Prior(kernel, mean_function, jitter=1e-06)

Bases: AbstractPrior[M, K]

A Gaussian process prior object.

The GP is parameterised by a mean and kernel function.

A Gaussian process prior parameterised by a mean function \(m(\cdot)\) and a kernel function \(k(\cdot, \cdot)\) is given by \(p(f(\cdot)) = \mathcal{GP}(m(\cdot), k(\cdot, \cdot))\).

To invoke a Prior distribution, a kernel and mean function must be specified.

Example:

    >>> import gpjax as gpx
    >>> kernel = gpx.kernels.RBF()
    >>> meanf = gpx.mean_functions.Zero()
    >>> prior = gpx.gps.Prior(mean_function=meanf, kernel = kernel)

Parameters:

  • kernel (K) –

    kernel object inheriting from AbstractKernel.

  • mean_function (M) –

    mean function object inheriting from AbstractMeanFunction.

__call__

__call__(*args, **kwargs)

Evaluate the Gaussian process at the given points.

The output of this function is a TensorFlow probability distribution from which the the latent function's mean and covariance can be evaluated and the distribution can be sampled.

Under the hood, __call__ is calling the objects predict method.
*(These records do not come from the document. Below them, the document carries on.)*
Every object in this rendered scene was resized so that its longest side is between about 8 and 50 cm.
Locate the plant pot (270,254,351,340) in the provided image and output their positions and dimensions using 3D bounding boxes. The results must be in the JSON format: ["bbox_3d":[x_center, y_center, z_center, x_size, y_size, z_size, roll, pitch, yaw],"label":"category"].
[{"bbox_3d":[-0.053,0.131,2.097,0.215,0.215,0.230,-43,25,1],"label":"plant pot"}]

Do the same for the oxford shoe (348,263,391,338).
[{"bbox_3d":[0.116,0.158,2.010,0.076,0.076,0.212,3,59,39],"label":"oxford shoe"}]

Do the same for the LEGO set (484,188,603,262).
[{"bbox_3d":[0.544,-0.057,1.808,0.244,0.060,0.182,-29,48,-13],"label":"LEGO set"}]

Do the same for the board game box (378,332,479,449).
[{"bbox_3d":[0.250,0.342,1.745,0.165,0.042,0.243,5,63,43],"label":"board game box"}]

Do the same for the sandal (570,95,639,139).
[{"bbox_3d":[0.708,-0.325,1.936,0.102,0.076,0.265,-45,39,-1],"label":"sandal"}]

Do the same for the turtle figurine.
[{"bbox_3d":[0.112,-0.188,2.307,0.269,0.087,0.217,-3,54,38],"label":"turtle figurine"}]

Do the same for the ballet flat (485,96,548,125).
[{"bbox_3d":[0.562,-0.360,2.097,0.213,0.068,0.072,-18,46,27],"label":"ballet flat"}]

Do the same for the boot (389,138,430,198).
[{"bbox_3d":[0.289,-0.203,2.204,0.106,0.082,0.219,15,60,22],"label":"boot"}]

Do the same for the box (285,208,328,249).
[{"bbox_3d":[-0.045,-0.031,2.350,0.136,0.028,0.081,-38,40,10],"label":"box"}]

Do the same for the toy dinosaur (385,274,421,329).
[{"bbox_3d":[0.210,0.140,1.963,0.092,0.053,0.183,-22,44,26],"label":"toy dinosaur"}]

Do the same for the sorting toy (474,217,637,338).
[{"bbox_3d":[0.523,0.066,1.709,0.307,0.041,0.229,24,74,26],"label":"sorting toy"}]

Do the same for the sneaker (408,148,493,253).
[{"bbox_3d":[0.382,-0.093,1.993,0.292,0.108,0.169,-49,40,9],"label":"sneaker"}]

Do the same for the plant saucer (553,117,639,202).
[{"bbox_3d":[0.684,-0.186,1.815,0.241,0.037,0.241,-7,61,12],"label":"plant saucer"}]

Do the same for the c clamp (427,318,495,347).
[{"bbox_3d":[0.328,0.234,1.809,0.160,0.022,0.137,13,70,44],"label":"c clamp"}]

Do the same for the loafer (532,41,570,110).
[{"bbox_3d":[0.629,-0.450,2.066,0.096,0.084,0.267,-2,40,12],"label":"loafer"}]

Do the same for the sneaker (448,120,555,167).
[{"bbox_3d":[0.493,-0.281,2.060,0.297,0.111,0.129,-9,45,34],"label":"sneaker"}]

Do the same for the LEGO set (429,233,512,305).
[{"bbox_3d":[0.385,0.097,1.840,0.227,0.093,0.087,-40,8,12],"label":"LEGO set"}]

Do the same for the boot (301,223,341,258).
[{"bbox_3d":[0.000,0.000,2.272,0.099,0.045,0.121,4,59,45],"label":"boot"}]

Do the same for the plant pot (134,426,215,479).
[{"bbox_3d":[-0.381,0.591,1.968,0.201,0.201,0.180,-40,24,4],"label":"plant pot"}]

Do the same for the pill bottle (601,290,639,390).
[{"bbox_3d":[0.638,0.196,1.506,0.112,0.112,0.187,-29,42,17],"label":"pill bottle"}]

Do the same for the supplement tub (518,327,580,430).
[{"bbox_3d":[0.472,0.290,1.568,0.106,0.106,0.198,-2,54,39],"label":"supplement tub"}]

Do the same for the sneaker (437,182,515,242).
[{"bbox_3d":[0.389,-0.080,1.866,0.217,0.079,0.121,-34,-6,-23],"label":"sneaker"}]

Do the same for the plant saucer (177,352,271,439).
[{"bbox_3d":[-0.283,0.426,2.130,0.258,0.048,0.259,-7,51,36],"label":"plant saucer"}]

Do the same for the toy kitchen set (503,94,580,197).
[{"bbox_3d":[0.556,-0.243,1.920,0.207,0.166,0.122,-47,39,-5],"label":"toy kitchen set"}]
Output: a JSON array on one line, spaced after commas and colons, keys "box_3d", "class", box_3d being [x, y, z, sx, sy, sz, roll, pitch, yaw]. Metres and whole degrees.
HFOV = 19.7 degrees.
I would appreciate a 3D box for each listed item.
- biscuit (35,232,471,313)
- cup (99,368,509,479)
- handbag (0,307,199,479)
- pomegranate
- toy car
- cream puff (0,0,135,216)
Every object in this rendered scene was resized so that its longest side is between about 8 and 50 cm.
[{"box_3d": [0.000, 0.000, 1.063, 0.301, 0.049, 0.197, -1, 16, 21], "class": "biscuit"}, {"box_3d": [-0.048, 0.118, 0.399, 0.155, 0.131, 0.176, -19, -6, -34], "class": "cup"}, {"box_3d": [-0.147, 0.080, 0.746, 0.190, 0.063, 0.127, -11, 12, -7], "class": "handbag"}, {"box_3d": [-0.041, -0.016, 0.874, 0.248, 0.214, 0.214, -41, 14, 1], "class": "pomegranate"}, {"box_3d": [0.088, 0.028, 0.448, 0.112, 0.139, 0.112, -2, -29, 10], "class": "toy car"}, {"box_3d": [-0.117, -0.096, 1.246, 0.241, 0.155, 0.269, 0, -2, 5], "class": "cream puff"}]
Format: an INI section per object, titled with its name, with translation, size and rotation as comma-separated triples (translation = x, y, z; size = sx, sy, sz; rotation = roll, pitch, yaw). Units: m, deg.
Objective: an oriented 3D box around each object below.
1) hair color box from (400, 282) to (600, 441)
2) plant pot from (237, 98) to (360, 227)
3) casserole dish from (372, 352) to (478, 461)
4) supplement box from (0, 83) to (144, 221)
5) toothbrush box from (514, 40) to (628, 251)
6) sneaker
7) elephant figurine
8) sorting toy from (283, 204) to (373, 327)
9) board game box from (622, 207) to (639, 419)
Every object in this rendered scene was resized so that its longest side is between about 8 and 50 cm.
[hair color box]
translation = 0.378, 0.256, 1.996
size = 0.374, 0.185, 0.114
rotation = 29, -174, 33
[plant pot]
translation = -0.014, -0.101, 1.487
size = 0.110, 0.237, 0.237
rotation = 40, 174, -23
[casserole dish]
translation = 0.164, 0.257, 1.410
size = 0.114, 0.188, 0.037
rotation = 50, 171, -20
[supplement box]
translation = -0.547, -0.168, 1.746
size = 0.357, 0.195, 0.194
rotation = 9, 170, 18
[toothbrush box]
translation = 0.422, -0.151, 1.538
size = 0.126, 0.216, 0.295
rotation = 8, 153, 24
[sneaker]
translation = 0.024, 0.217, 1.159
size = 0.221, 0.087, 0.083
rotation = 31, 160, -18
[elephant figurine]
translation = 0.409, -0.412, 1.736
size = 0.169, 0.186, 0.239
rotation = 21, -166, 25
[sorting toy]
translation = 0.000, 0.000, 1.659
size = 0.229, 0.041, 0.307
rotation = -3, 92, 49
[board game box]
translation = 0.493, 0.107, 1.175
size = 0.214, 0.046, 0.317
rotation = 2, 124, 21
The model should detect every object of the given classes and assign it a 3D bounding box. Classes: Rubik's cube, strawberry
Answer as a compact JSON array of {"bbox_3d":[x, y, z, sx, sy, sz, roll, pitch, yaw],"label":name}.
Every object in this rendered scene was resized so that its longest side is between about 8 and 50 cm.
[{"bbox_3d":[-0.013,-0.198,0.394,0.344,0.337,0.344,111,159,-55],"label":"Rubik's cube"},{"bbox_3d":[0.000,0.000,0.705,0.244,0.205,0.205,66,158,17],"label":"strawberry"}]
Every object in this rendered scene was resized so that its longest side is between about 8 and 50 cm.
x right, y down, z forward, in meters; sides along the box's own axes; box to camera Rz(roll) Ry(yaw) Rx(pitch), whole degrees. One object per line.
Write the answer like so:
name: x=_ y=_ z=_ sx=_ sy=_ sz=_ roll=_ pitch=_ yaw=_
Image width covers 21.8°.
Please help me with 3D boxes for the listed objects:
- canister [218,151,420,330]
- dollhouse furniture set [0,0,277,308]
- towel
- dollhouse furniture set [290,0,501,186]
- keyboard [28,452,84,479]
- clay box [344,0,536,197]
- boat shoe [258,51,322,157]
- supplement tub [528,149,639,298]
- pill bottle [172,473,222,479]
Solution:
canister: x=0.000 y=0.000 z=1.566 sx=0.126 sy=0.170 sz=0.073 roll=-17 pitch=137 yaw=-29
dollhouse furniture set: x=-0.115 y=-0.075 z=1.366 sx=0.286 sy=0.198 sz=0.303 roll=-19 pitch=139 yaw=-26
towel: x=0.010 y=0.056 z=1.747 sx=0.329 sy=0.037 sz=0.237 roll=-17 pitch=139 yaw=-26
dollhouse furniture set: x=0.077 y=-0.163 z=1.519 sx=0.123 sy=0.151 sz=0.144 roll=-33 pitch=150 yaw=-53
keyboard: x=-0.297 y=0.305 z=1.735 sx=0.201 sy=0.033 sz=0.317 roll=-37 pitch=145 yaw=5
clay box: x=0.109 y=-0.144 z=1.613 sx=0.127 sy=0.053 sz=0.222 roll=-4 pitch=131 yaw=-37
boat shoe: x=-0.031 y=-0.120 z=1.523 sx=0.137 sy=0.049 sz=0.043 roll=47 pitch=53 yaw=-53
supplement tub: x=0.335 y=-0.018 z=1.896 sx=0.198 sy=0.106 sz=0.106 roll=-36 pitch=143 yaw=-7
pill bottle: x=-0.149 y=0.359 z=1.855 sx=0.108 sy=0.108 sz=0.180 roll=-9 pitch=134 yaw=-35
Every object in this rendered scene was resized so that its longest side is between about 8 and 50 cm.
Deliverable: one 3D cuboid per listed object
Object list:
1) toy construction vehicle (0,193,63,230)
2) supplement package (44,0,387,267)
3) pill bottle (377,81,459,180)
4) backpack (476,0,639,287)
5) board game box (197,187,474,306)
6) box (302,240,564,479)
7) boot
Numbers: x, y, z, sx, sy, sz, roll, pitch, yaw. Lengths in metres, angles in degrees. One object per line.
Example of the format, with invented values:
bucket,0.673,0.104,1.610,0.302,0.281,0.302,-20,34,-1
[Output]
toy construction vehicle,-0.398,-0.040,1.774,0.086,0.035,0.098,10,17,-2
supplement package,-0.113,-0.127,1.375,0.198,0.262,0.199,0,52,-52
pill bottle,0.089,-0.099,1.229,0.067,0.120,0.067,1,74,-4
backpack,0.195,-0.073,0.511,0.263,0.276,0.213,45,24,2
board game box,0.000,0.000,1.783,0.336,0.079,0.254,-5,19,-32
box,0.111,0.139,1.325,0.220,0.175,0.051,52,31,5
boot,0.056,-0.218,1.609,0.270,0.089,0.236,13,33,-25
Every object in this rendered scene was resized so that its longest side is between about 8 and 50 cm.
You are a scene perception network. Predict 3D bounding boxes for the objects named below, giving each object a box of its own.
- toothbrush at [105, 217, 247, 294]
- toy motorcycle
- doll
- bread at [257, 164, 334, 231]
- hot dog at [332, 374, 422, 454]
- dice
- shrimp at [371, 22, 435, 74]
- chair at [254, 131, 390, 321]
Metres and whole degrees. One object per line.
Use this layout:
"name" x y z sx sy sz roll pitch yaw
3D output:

For this reasons, classes inheriting the AbstractPrior class, should not overwrite the __call__ method and should instead define a predict method.

Parameters:

  • *args (Any, default: () ) –

    The arguments to pass to the GP's predict method.

  • **kwargs (Any, default: {} ) –

    The keyword arguments to pass to the GP's predict method.

Returns:

  • GaussianDistribution ( GaussianDistribution ) –

    A multivariate normal random variable representation of the Gaussian process.

__mul__

__mul__(other)

Combine the prior with a likelihood to form a posterior distribution.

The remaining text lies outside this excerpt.